The Internet, as usual, is where a lot of you have turned.
Even the
Wall Street Journal did a story last week on how entrepreneurs are turning to online networks to get loans. I don’t blame you all. You have to find other sources, and it makes sense to turn to the Web.
But that doesn’t mean you throw all your common sense out of the window and turn into a cyber-space cadet.
This is how the scam works, according to the BBB’s Alison Preszler:
Companies offer loans no matter what a small business owner’s credit rating is at supposedly great rates, but then the scammer asks for an upfront fee to secure the loan and never actually pays out the loan.
Ding, ding, ding. Warning bell. You shouldn’t pay out money to borrow money.
“There’s been an increase in this kind of scam since October nationwide,” Preszler says, and she surmises it's because of the credit crunch.
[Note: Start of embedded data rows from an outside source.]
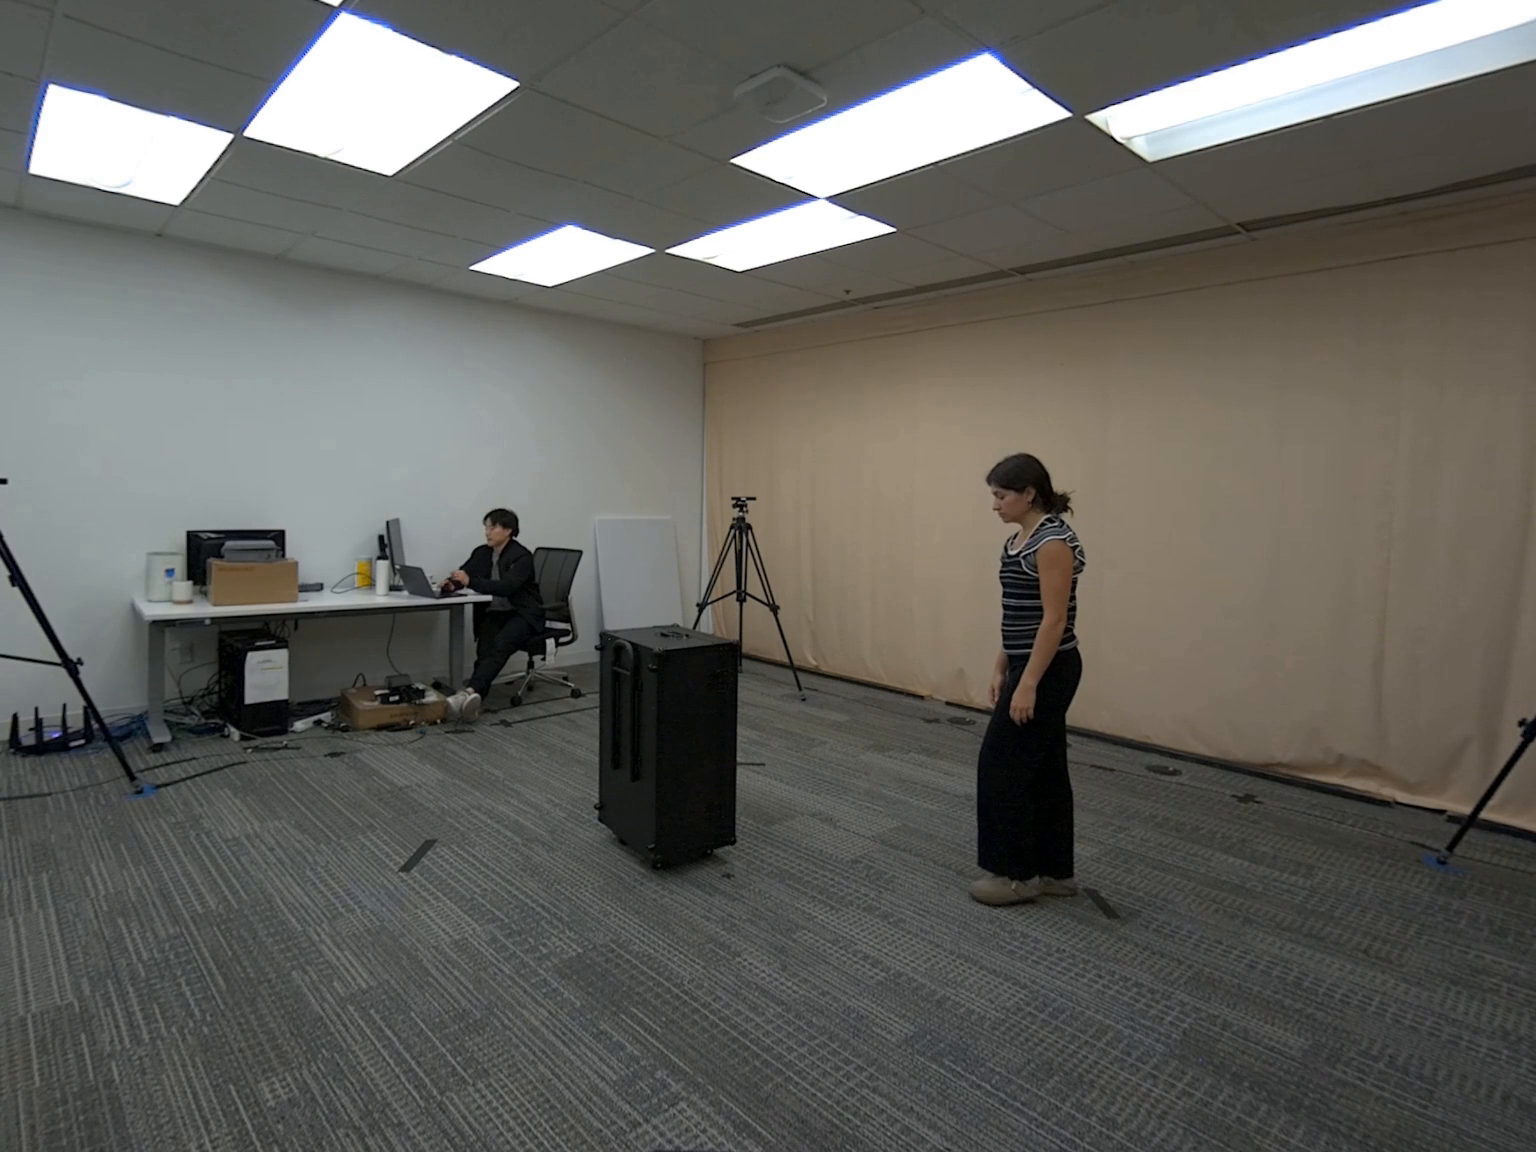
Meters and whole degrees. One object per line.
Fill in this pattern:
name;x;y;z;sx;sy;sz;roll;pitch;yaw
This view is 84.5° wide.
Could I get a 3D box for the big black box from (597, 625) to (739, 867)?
big black box;-0.410;0.654;3.289;0.388;0.859;0.534;-3;5;-35
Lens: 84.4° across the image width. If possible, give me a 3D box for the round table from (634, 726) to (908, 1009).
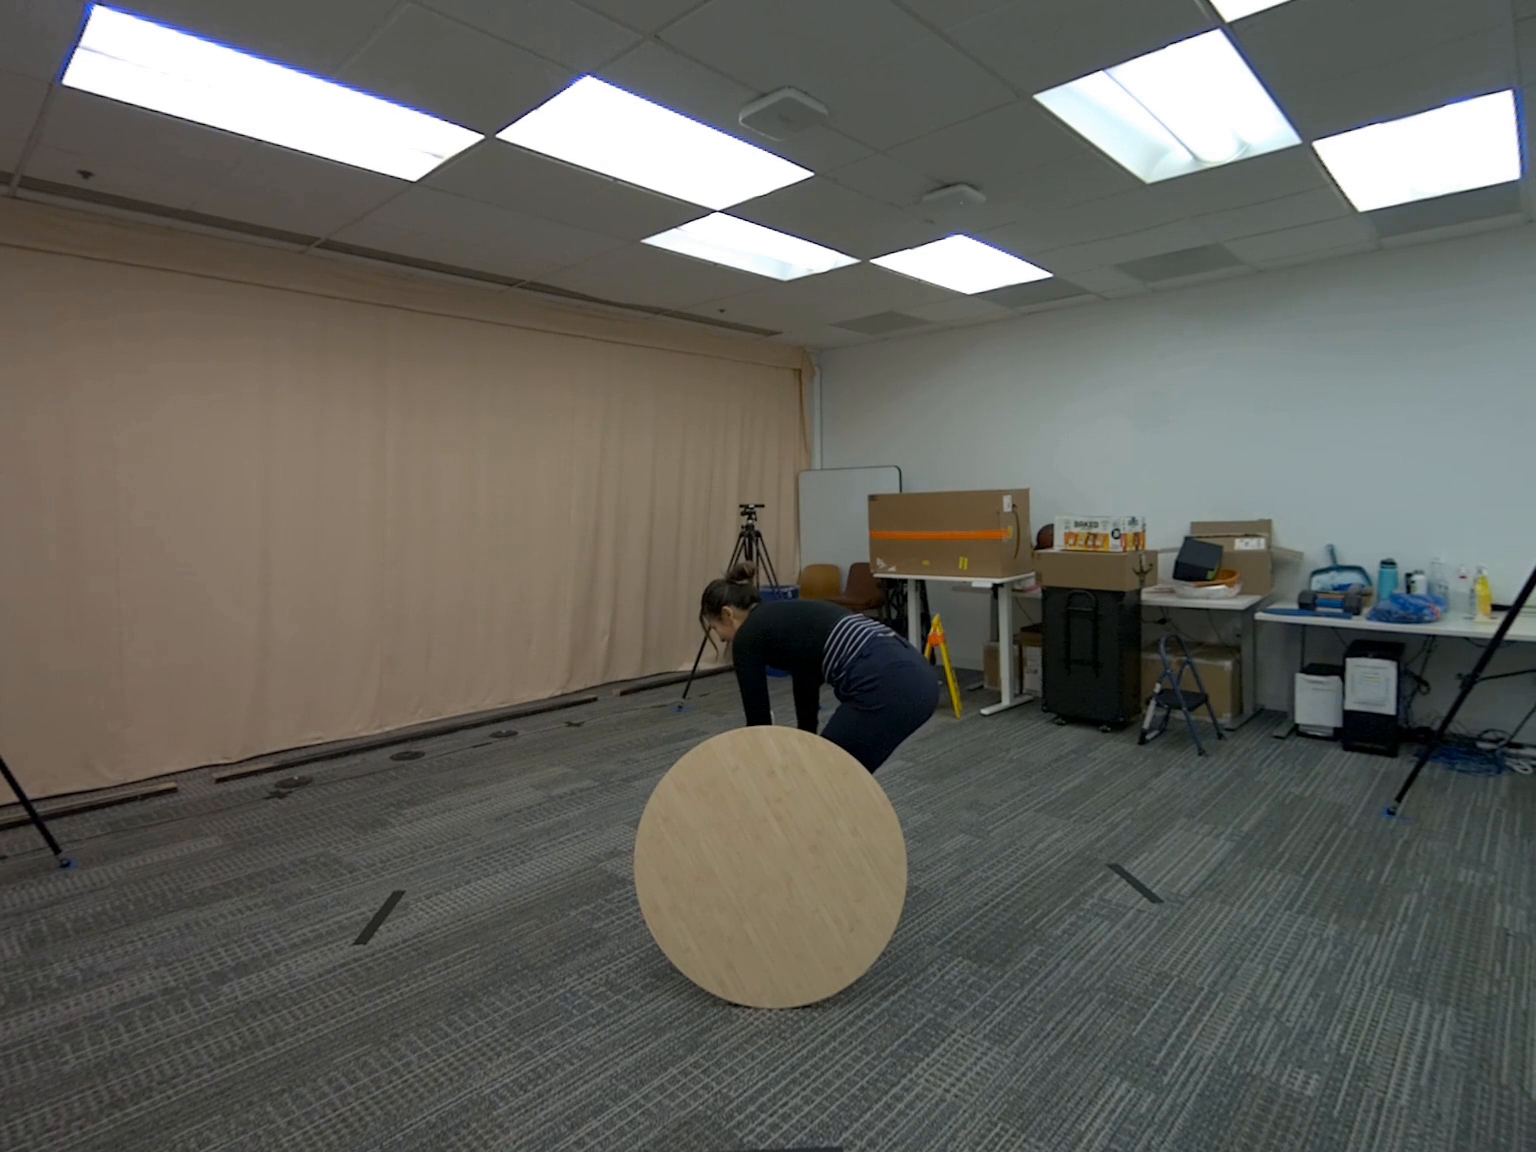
[{"bbox_3d":[0.010,0.828,2.749,0.767,0.766,0.789,-1,-4,3],"label":"round table"}]
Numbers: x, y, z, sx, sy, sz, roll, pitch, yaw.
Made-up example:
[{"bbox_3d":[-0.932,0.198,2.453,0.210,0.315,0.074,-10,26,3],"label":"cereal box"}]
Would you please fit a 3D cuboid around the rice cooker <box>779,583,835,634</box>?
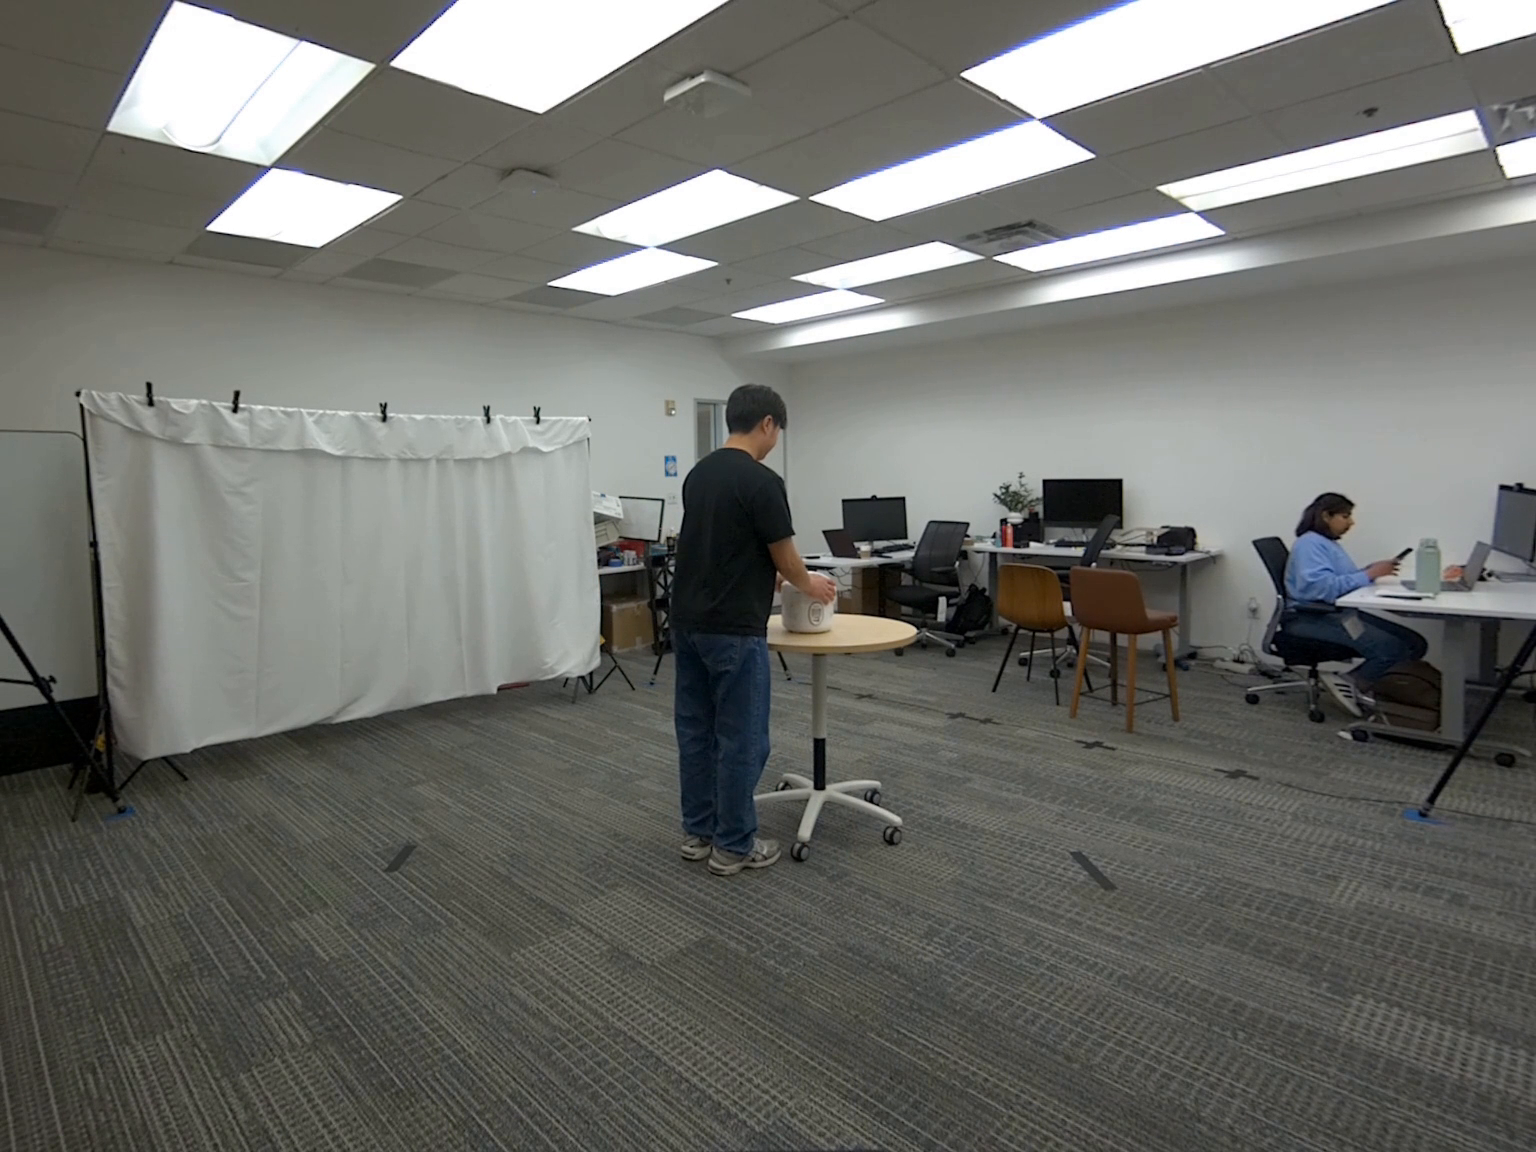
[{"bbox_3d":[0.159,0.097,3.357,0.218,0.232,0.221,-3,5,-14],"label":"rice cooker"}]
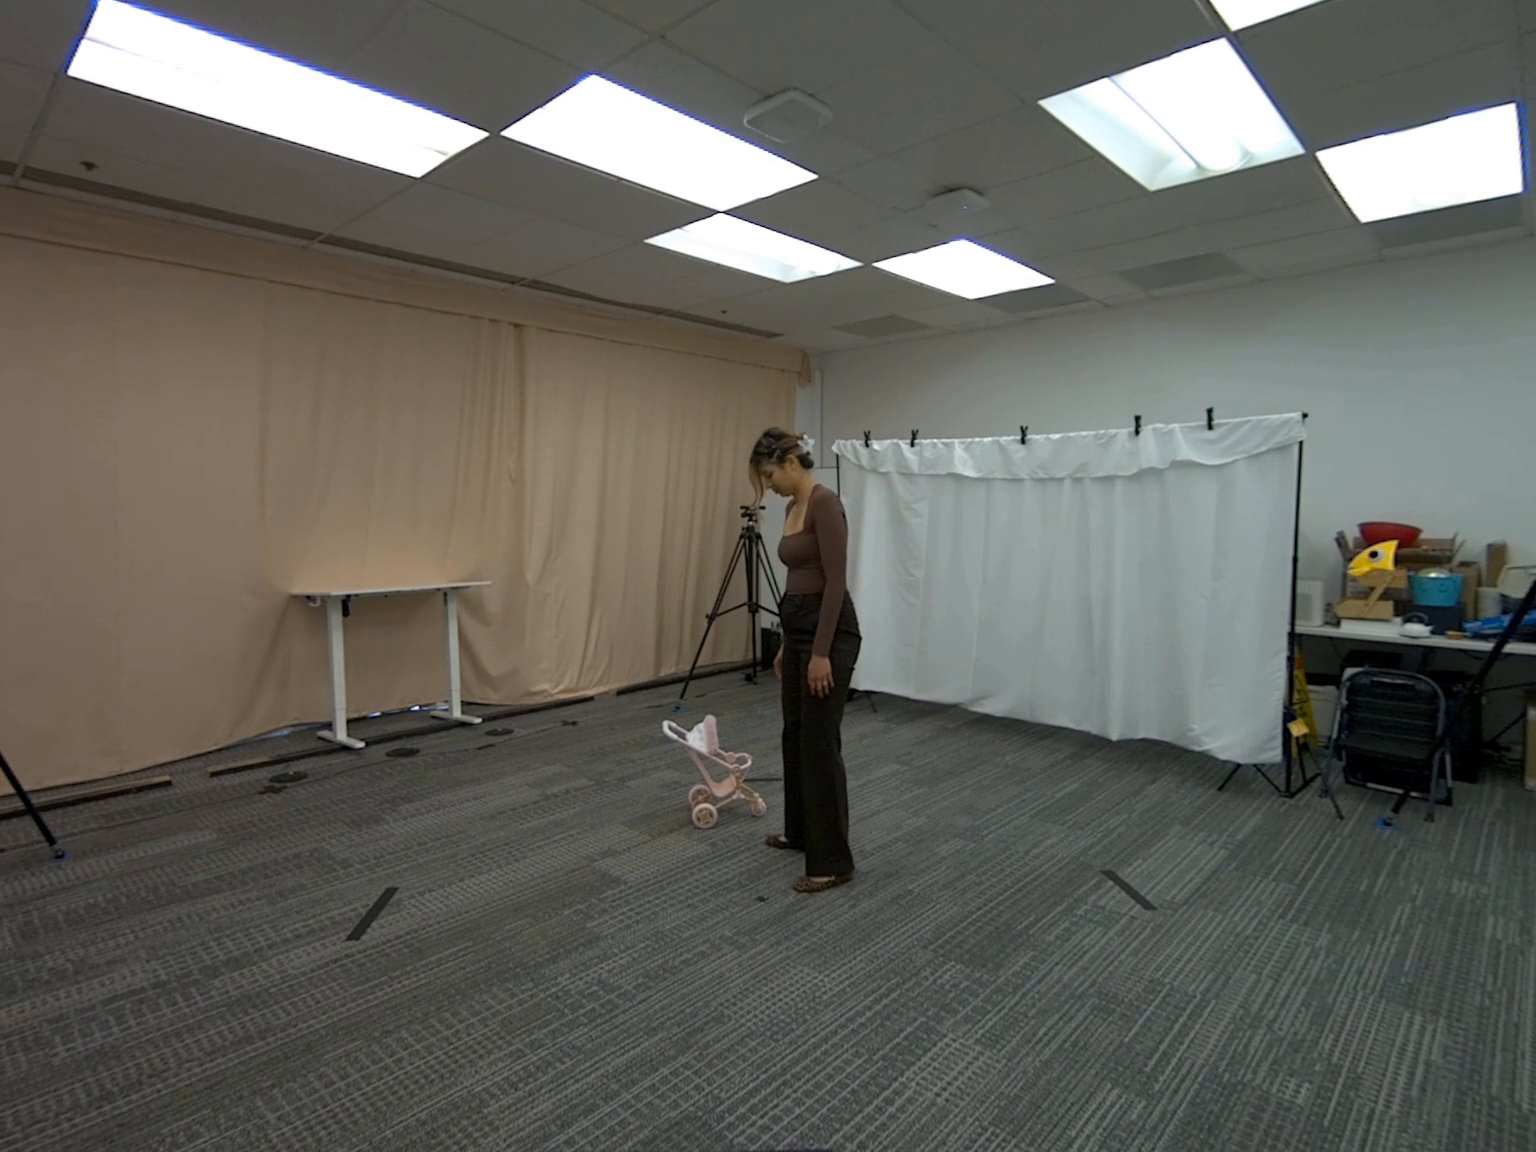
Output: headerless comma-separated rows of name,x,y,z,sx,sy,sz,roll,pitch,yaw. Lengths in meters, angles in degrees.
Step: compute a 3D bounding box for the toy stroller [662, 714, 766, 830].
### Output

A lot of complaints, she says, are coming out of Connecticut so I called
the Connecticut BBB and found out from them that one firm in particular has had some issues.
The company goes under the name Mediations LLC and has a Web site called
www.mediationsonline.net. Christen Horan, vice president of marketplace operations for the Connecticut BBB, says typically the complaints they see are consumers who get scammed by fly-by-night advance-fee-loan firms but it's unusual to see this go business-to-business.
She directed me to
Mediation's online BBB report:
“BBB has received complaints from businesses across the country stating that Mediations, LLC (also doing business as Innovations Northeast, LLC) is charging substanital up-front fees for construction loans, but not delivering on the loans.
Complaint information indicates that the up-front fees range from $1,500 to as high as $26,000, and are required to be paid by wire transfer or by cashiers check.”
Michael Petriccione, president of Mediations based in Hartford, Conn., says the fees are for appraisals and "interest reserves," and are legitimate. "This office is as squeaky clean as you get," he said.
Bottom line, small business owners have to do their homework, get recommendations, and make sure they're working with reputable loan companies.
And don't pay upfront fees, other than nominal processing fees that some conventional lenders may charge, in the $125 to $150 range, says Mike Stamler, a spokesman for the
U.S. Small Business Administration.
Somethings that's described "as a contingency fee, or a fee to reserve a larger amount of money or a substantial amount of earnest money [committment funds ahead of a down payment] bears the odor of scam," he explains.
And, he adds, “a small business should be very suspicious about any supposed lender that asks you to wire money or a cashier's check to secure a bigger loan. Legitimate commercial lenders just don't work that way. It's frankly not that different from what people used to call a pigeon drop scheme, where someone used to pretend to find a large sum of money in, say, a paper bag, and offer to split it with you if you provide some ‘earnest money.’ For that matter, it's pretty similar to the so-called
Nigerian e-mail schemes, where someone offers to share a fortune with you if you provide money first.”
“It sounds silly,” he adds, “but people do fall for this stuff.”